Exercise objective: What you write must match the records exactly, except for the images, which are left out.
+++ Input
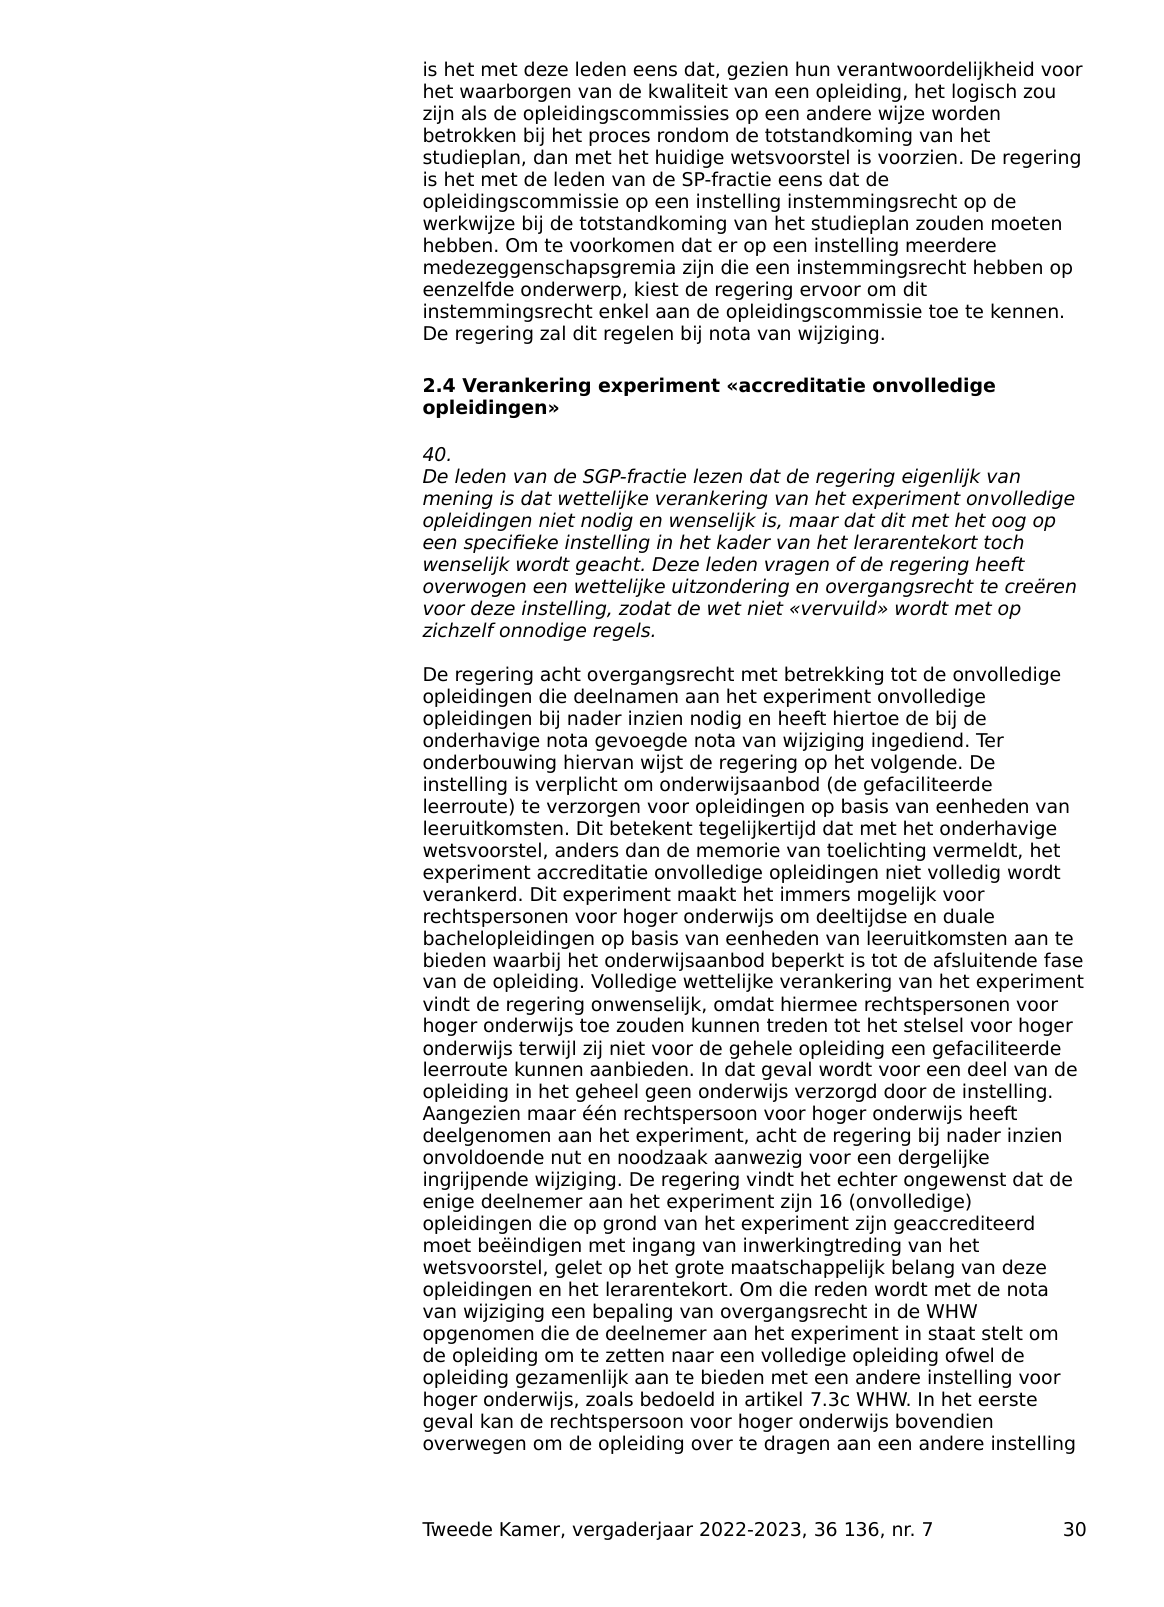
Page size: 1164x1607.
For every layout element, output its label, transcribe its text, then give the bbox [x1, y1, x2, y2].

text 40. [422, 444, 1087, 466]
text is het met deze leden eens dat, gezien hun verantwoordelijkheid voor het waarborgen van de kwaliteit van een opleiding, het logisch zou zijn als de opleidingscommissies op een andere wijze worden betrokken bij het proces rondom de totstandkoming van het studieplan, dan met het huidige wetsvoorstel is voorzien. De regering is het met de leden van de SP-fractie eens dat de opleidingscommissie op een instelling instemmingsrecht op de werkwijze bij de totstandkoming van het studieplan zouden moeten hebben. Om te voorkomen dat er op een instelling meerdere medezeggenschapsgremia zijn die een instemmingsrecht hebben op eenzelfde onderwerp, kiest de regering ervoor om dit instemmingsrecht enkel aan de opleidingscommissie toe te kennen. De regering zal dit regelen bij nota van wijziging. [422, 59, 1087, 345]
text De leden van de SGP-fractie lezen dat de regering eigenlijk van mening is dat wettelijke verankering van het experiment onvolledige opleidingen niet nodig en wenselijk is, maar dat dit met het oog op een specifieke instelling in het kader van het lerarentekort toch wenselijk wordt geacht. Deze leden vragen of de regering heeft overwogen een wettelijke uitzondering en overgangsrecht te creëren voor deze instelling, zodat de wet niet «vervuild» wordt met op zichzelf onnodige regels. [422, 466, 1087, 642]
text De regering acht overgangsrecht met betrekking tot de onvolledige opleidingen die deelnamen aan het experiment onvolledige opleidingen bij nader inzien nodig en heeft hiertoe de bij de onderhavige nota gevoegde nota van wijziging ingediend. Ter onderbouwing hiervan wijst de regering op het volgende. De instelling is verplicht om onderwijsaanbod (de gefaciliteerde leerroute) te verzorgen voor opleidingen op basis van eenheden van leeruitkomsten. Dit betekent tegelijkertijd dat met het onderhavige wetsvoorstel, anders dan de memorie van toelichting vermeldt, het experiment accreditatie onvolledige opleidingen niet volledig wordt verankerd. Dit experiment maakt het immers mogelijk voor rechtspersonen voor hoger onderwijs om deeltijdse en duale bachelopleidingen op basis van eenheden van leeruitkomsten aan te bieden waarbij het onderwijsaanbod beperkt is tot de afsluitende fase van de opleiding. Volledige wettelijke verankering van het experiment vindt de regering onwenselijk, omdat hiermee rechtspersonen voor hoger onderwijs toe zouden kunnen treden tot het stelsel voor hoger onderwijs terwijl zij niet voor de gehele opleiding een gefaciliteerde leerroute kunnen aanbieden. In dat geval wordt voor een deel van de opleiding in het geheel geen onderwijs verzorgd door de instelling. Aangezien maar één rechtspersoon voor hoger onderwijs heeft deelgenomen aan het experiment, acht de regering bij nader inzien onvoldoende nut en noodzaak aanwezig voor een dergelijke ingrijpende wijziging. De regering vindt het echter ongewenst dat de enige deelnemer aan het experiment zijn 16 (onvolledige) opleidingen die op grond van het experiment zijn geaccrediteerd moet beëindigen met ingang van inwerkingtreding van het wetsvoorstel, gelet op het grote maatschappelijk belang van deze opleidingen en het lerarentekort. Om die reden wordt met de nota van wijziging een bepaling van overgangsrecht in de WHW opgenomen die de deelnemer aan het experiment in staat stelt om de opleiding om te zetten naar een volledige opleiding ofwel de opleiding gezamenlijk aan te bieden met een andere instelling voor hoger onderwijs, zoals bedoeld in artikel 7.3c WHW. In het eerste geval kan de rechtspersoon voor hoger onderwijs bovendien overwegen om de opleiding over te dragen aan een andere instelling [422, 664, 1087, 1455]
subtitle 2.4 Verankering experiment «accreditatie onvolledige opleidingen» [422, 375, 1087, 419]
++++++
Answer area:
Page size: 1164x1607.
For every layout element, output its label, transcribe its text, then give the bbox [x1, y1, x2, y2].

text 40. [422, 444, 1087, 466]
text is het met deze leden eens dat, gezien hun verantwoordelijkheid voor het waarborgen van de kwaliteit van een opleiding, het logisch zou zijn als de opleidingscommissies op een andere wijze worden betrokken bij het proces rondom de totstandkoming van het studieplan, dan met het huidige wetsvoorstel is voorzien. De regering is het met de leden van de SP-fractie eens dat de opleidingscommissie op een instelling instemmingsrecht op de werkwijze bij de totstandkoming van het studieplan zouden moeten hebben. Om te voorkomen dat er op een instelling meerdere medezeggenschapsgremia zijn die een instemmingsrecht hebben op eenzelfde onderwerp, kiest de regering ervoor om dit instemmingsrecht enkel aan de opleidingscommissie toe te kennen. De regering zal dit regelen bij nota van wijziging. [422, 59, 1087, 345]
text De leden van de SGP-fractie lezen dat de regering eigenlijk van mening is dat wettelijke verankering van het experiment onvolledige opleidingen niet nodig en wenselijk is, maar dat dit met het oog op een specifieke instelling in het kader van het lerarentekort toch wenselijk wordt geacht. Deze leden vragen of de regering heeft overwogen een wettelijke uitzondering en overgangsrecht te creëren voor deze instelling, zodat de wet niet «vervuild» wordt met op zichzelf onnodige regels. [422, 466, 1087, 642]
text De regering acht overgangsrecht met betrekking tot de onvolledige opleidingen die deelnamen aan het experiment onvolledige opleidingen bij nader inzien nodig en heeft hiertoe de bij de onderhavige nota gevoegde nota van wijziging ingediend. Ter onderbouwing hiervan wijst de regering op het volgende. De instelling is verplicht om onderwijsaanbod (de gefaciliteerde leerroute) te verzorgen voor opleidingen op basis van eenheden van leeruitkomsten. Dit betekent tegelijkertijd dat met het onderhavige wetsvoorstel, anders dan de memorie van toelichting vermeldt, het experiment accreditatie onvolledige opleidingen niet volledig wordt verankerd. Dit experiment maakt het immers mogelijk voor rechtspersonen voor hoger onderwijs om deeltijdse en duale bachelopleidingen op basis van eenheden van leeruitkomsten aan te bieden waarbij het onderwijsaanbod beperkt is tot de afsluitende fase van de opleiding. Volledige wettelijke verankering van het experiment vindt de regering onwenselijk, omdat hiermee rechtspersonen voor hoger onderwijs toe zouden kunnen treden tot het stelsel voor hoger onderwijs terwijl zij niet voor de gehele opleiding een gefaciliteerde leerroute kunnen aanbieden. In dat geval wordt voor een deel van de opleiding in het geheel geen onderwijs verzorgd door de instelling. Aangezien maar één rechtspersoon voor hoger onderwijs heeft deelgenomen aan het experiment, acht de regering bij nader inzien onvoldoende nut en noodzaak aanwezig voor een dergelijke ingrijpende wijziging. De regering vindt het echter ongewenst dat de enige deelnemer aan het experiment zijn 16 (onvolledige) opleidingen die op grond van het experiment zijn geaccrediteerd moet beëindigen met ingang van inwerkingtreding van het wetsvoorstel, gelet op het grote maatschappelijk belang van deze opleidingen en het lerarentekort. Om die reden wordt met de nota van wijziging een bepaling van overgangsrecht in de WHW opgenomen die de deelnemer aan het experiment in staat stelt om de opleiding om te zetten naar een volledige opleiding ofwel de opleiding gezamenlijk aan te bieden met een andere instelling voor hoger onderwijs, zoals bedoeld in artikel 7.3c WHW. In het eerste geval kan de rechtspersoon voor hoger onderwijs bovendien overwegen om de opleiding over te dragen aan een andere instelling [422, 664, 1087, 1455]
subtitle 2.4 Verankering experiment «accreditatie onvolledige opleidingen» [422, 375, 1087, 419]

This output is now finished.